EVOLUTION OF 3D SCANNER TECHNOLOGY.

The development of scanning technology to obtain accurate and precise measurements of objects began in the 1960s with advances in computer technology. Optical methods proved to be much faster, did not require direct physical contact with specimens, and were well-suited for complex shapes. The foundational research that integrated both passive photogrammetric and active laser techniques was pioneered by the National Research Council of Canada (Mayer 1999). Modern systems apply an active laser and passive photogrammetric components to capture point-cloud data to produce the digitized 3D model. At each data point, the distance and angle from the object to the system is recorded in a scanner-relative coordinate system. For large objects, several footprints of data are needed to stitch together the full 3D shape. Processing algorithms assimilate these footprints and remove duplicate data. Most current systems connect the point-cloud data by applying a nonuniform rational basis (NURB) spline fit.

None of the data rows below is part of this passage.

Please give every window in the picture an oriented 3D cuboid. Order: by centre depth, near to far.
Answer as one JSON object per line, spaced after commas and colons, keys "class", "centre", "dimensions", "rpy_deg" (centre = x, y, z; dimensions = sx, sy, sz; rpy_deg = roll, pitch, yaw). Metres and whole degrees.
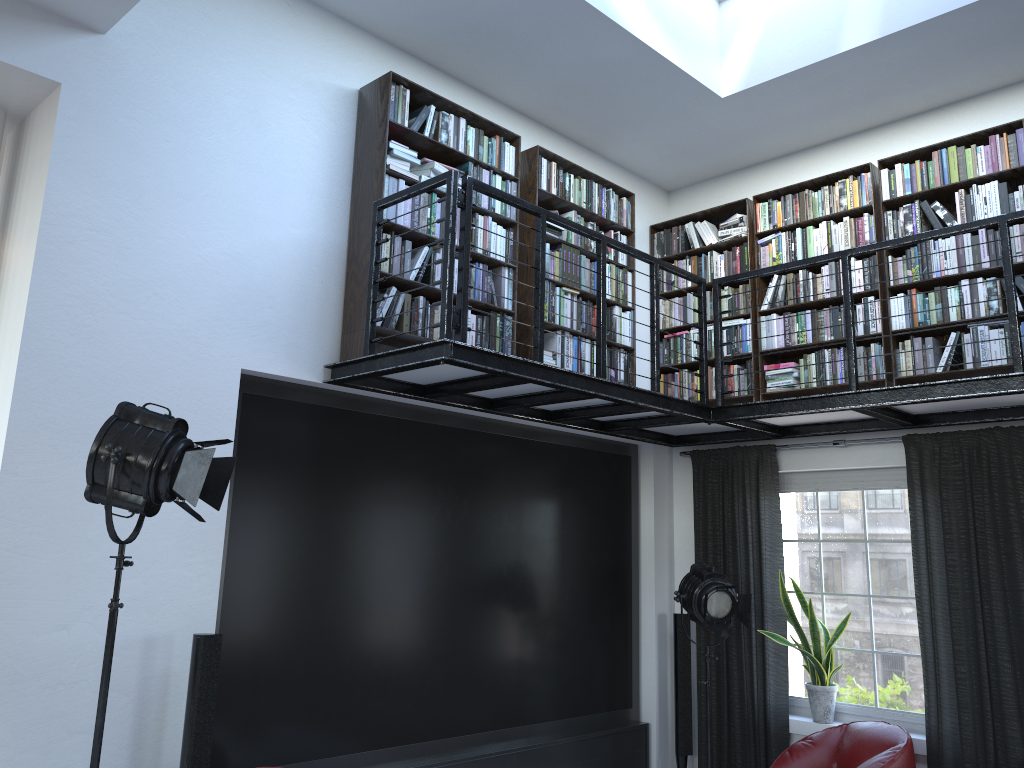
{"class": "window", "centre": [2.180, 1.369, 5.799], "dimensions": [1.163, 1.619, 0.132], "rpy_deg": [-10, -18, 43]}

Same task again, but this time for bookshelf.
{"class": "bookshelf", "centre": [1.790, -0.905, 4.400], "dimensions": [4.460, 1.630, 3.074], "rpy_deg": [-9, -16, 43]}

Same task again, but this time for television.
{"class": "television", "centre": [-0.237, 1.386, 5.217], "dimensions": [0.116, 2.447, 3.337], "rpy_deg": [-11, -17, 43]}

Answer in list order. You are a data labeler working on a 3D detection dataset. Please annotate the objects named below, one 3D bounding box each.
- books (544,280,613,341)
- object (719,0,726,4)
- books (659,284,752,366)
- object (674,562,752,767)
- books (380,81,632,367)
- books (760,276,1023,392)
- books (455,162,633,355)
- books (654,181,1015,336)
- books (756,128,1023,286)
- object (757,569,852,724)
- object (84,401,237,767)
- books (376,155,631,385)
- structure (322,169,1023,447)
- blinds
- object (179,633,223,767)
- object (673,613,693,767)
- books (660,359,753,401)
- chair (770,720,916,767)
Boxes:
{"class": "books", "centre": [1.899, -0.955, 4.490], "dimensions": [4.368, 1.416, 1.164], "rpy_deg": [-9, -16, 43]}
{"class": "object", "centre": [1.803, -3.075, 4.866], "dimensions": [2.213, 0.639, 1.180], "rpy_deg": [-9, -16, 43]}
{"class": "books", "centre": [2.742, -0.764, 5.370], "dimensions": [4.420, 1.424, 0.226], "rpy_deg": [-9, -17, 43]}
{"class": "object", "centre": [2.213, 1.846, 4.990], "dimensions": [2.901, 1.592, 0.748], "rpy_deg": [-5, -14, 28]}
{"class": "books", "centre": [-0.005, -0.812, 5.544], "dimensions": [0.313, 1.435, 2.196], "rpy_deg": [-11, -17, 44]}
{"class": "books", "centre": [3.013, -0.657, 5.089], "dimensions": [3.380, 1.131, 0.239], "rpy_deg": [-9, -17, 43]}
{"class": "books", "centre": [1.712, -0.858, 4.315], "dimensions": [4.321, 1.149, 1.591], "rpy_deg": [-9, -16, 43]}
{"class": "books", "centre": [2.738, -0.754, 5.365], "dimensions": [4.426, 1.408, 0.241], "rpy_deg": [-9, -17, 44]}
{"class": "books", "centre": [2.752, -1.043, 5.444], "dimensions": [2.627, 0.834, 0.212], "rpy_deg": [-9, -17, 43]}
{"class": "object", "centre": [1.807, 1.680, 5.726], "dimensions": [0.524, 0.947, 0.550], "rpy_deg": [10, -15, -34]}
{"class": "object", "centre": [-1.316, 0.847, 3.123], "dimensions": [0.544, 1.592, 0.605], "rpy_deg": [2, -13, -1]}
{"class": "books", "centre": [1.511, -1.037, 4.129], "dimensions": [4.362, 1.420, 2.194], "rpy_deg": [-9, -16, 43]}
{"class": "structure", "centre": [1.210, 0.611, 3.492], "dimensions": [4.472, 3.382, 4.594], "rpy_deg": [-10, -16, 43]}
{"class": "blinds", "centre": [2.177, 1.510, 5.462], "dimensions": [2.499, 2.406, 0.125], "rpy_deg": [-10, -17, 43]}
{"class": "object", "centre": [-1.333, 1.668, 3.650], "dimensions": [0.157, 1.231, 0.156], "rpy_deg": [-5, -14, 25]}
{"class": "object", "centre": [1.169, 2.225, 6.137], "dimensions": [0.157, 1.231, 0.156], "rpy_deg": [9, -15, -29]}
{"class": "books", "centre": [2.390, -0.842, 5.044], "dimensions": [1.279, 1.441, 4.419], "rpy_deg": [13, -16, -43]}
{"class": "chair", "centre": [1.809, 2.273, 4.937], "dimensions": [0.830, 0.717, 0.824], "rpy_deg": [0, -12, 6]}
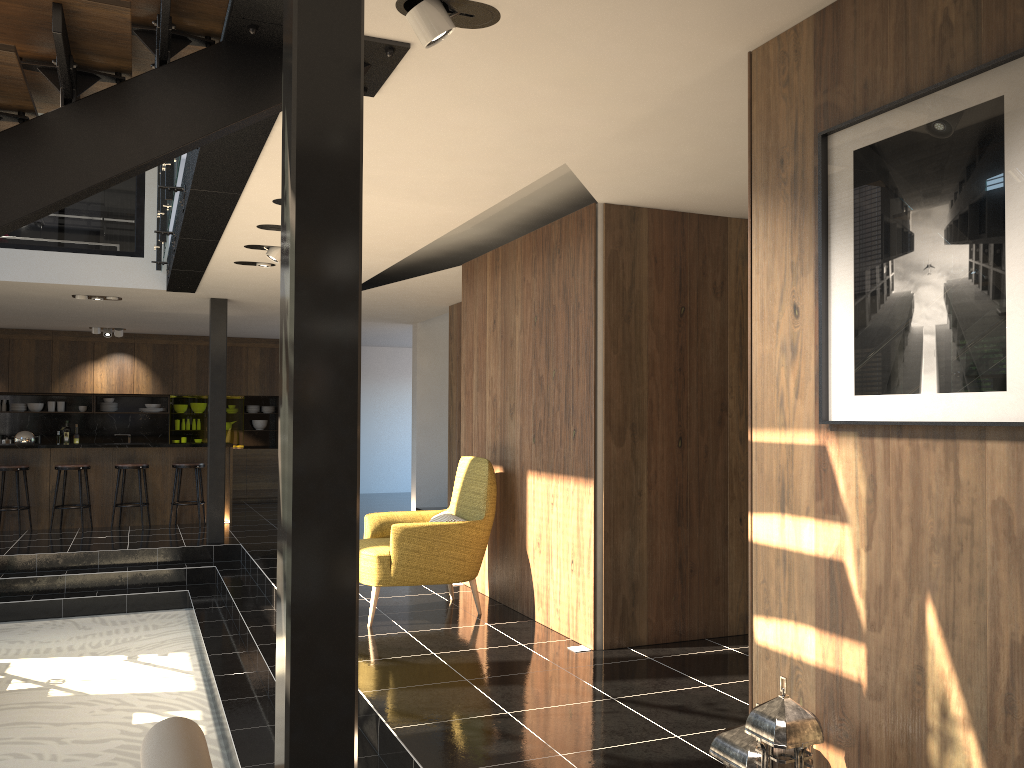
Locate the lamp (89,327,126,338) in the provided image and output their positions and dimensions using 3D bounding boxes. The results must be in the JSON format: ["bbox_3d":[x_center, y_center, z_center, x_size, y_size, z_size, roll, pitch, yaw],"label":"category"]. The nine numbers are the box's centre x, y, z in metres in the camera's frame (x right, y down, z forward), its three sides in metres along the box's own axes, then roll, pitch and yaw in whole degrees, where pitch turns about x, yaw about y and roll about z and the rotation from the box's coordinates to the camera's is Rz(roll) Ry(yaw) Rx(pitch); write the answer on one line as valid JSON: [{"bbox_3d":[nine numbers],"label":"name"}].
[{"bbox_3d":[-6.034,-0.838,13.234,0.501,0.280,0.349,1,-2,-23],"label":"lamp"}]

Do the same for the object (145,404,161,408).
[{"bbox_3d":[-5.901,0.374,14.579,0.254,0.088,0.254,0,-2,2],"label":"object"}]

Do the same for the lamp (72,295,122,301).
[{"bbox_3d":[-4.572,-1.008,9.779,0.501,0.194,0.349,1,-2,-23],"label":"lamp"}]

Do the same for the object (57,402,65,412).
[{"bbox_3d":[-7.134,0.361,14.028,0.109,0.161,0.109,1,-2,-10],"label":"object"}]

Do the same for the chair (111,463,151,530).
[{"bbox_3d":[-4.715,1.392,10.990,0.412,0.799,0.413,1,-2,-14],"label":"chair"}]

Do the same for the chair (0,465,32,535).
[{"bbox_3d":[-5.931,1.366,10.476,0.412,0.799,0.413,1,-2,-14],"label":"chair"}]

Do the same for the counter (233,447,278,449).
[{"bbox_3d":[-6.117,1.049,14.295,4.591,0.005,0.863,1,-2,-23],"label":"counter"}]

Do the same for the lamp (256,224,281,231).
[{"bbox_3d":[-1.591,-1.125,6.146,0.346,0.177,0.195,1,-2,-23],"label":"lamp"}]

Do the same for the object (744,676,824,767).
[{"bbox_3d":[0.781,1.165,2.548,0.182,0.642,0.182,1,-2,-23],"label":"object"}]

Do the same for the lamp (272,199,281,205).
[{"bbox_3d":[-1.289,-1.152,5.431,0.346,0.177,0.195,1,-2,-23],"label":"lamp"}]

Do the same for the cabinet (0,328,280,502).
[{"bbox_3d":[-6.116,0.563,14.301,6.893,2.689,0.869,1,-2,-23],"label":"cabinet"}]

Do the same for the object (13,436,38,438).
[{"bbox_3d":[-7.442,0.865,13.554,0.278,0.218,0.300,0,-2,10],"label":"object"}]

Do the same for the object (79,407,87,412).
[{"bbox_3d":[-6.856,0.412,14.170,0.122,0.072,0.122,0,-2,2],"label":"object"}]

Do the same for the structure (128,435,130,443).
[{"bbox_3d":[-6.197,0.924,14.112,0.243,0.231,0.174,1,-2,-23],"label":"structure"}]

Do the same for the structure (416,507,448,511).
[{"bbox_3d":[0.887,0.257,9.527,1.964,3.016,6.664,1,-2,-23],"label":"structure"}]

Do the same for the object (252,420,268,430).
[{"bbox_3d":[-4.330,0.706,15.233,0.264,0.170,0.264,-1,-3,42],"label":"object"}]

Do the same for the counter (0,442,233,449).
[{"bbox_3d":[-5.418,0.777,11.190,3.574,0.041,0.698,1,-2,-23],"label":"counter"}]

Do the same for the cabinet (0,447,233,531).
[{"bbox_3d":[-5.418,1.295,11.178,3.564,0.993,0.698,1,-2,-23],"label":"cabinet"}]

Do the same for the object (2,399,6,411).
[{"bbox_3d":[-7.871,0.332,13.742,0.060,0.185,0.060,-1,-2,36],"label":"object"}]

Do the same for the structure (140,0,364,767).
[{"bbox_3d":[-1.685,0.372,1.847,3.782,3.243,1.149,1,-2,-23],"label":"structure"}]

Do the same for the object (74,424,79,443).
[{"bbox_3d":[-6.978,0.841,14.207,0.077,0.395,0.077,0,-2,19],"label":"object"}]

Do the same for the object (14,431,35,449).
[{"bbox_3d":[-5.921,0.681,10.779,0.227,0.228,0.227,-1,-2,28],"label":"object"}]

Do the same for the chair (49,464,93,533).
[{"bbox_3d":[-5.323,1.379,10.733,0.412,0.799,0.413,1,-2,-14],"label":"chair"}]

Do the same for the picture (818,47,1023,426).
[{"bbox_3d":[1.114,-0.343,2.427,0.028,0.911,0.748,1,-2,-23],"label":"picture"}]

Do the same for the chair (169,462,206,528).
[{"bbox_3d":[-4.107,1.405,11.246,0.412,0.799,0.413,1,-2,-14],"label":"chair"}]

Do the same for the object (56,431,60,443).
[{"bbox_3d":[-7.212,0.890,14.094,0.058,0.287,0.058,1,-1,-10],"label":"object"}]

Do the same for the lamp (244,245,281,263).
[{"bbox_3d":[-1.893,-1.064,6.858,0.346,0.247,0.195,1,-2,-23],"label":"lamp"}]

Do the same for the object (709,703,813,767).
[{"bbox_3d":[0.783,1.254,2.796,0.262,0.483,0.262,1,-2,-23],"label":"object"}]

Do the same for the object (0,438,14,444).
[{"bbox_3d":[-7.725,0.892,13.559,0.195,0.143,0.210,-1,-2,25],"label":"object"}]

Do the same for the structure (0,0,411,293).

The result is faceted polygons (typically triangles), which produces the 3D surface. With advancements in reducing the size and cost of electronic components, small, single-operator, handheld units have become less cost-prohibitive for a wide range of research projects, including field studies and commercial applications.

CAPABILITY SCOPING.

The system selected to explore 3D scanning of natural hailstones was a handheld HandySCAN EXAscan system, manufactured by Creaform Inc. The system is a noncontact active scanner that employs a class II eye-safe laser to project a beam on a target. An array of cameras tracks the projected laser location, as shown in the conceptual diagram in Fig. 1. Its relatively small size, low weight (∼1.5 kg), and simple operation by a single person made it ideal for use in a field vehicle, under nonoptimal conditions (Fig. 2a,b). To operate the unit, information must be simultaneously collected on the unit’s position while it is scanning the specimen. Additionally, the unit must be calibrated prior to operation periods. The scanner is calibrated by using a plate with a grid of reflective targets, supplied by the manufacturer (reflective targets are identified in Fig. 2a,b). The precise dimensions and target locations of the plate are stored in the operating software, which is able to identify and adjust for any small bias errors. Small errors may result from temperature changes and the expansion and contraction of hardware components such that calibration is recommended prior to scanning sessions. The reflective positioning targets are also used to define the coordinate system with respect to the specimen being scanned. Targets are scanned separately (only one time) prior to data collection. The information is stored by the operating software and applied when scanning of the specimen is underway. The targets are adhered either to the specimen itself or to a mounting system such that the unit always has several positioning targets in its field of view (HandySCAN EXAscan requires at least three). If the minimum number of targets is not detected during data collection, the software will cease logging until they are identified to automatically avoid data gaps due to user error. The system has a trigger that toggles the laser projection, camera operation, and data collection.

Fig. 1.

Conceptual diagram of the laser, single-camera configuration, and triangulation coordinate system for a typical 3D laser scanning system, where d is the distance between the object and the scanner unit. Note that multiple cameras are used in hand-held systems, and the figure describes the configuration of one camera unit relative to the laser.

Fig. 1.

Conceptual diagram of the laser, single-camera configuration, and triangulation coordinate system for a typical 3D laser scanning system, where d is the distance between the object and the scanner unit. Note that multiple cameras are used in hand-held systems, and the figure describes the configuration of one camera unit relative to the laser.

Fig. 2.

(a and b) Photographs of the scanner in operation. The positioning targets, hailstone mount, and turntable are annotated; (c) the 3D faceted surface created by processing the collected point-cloud data; (d) the full 3D model of the first hailstone captured with this system; (e) comparison with a sphere of the same maximum diameter; and (f) the 3D-printed cavity mold of this hailstone.

Fig. 2.

(a and b) Photographs of the scanner in operation. The positioning targets, hailstone mount, and turntable are annotated; (c) the 3D faceted surface created by processing the collected point-cloud data; (d) the full 3D model of the first hailstone captured with this system; (e) comparison with a sphere of the same maximum diameter; and (f) the 3D-printed cavity mold of this hailstone.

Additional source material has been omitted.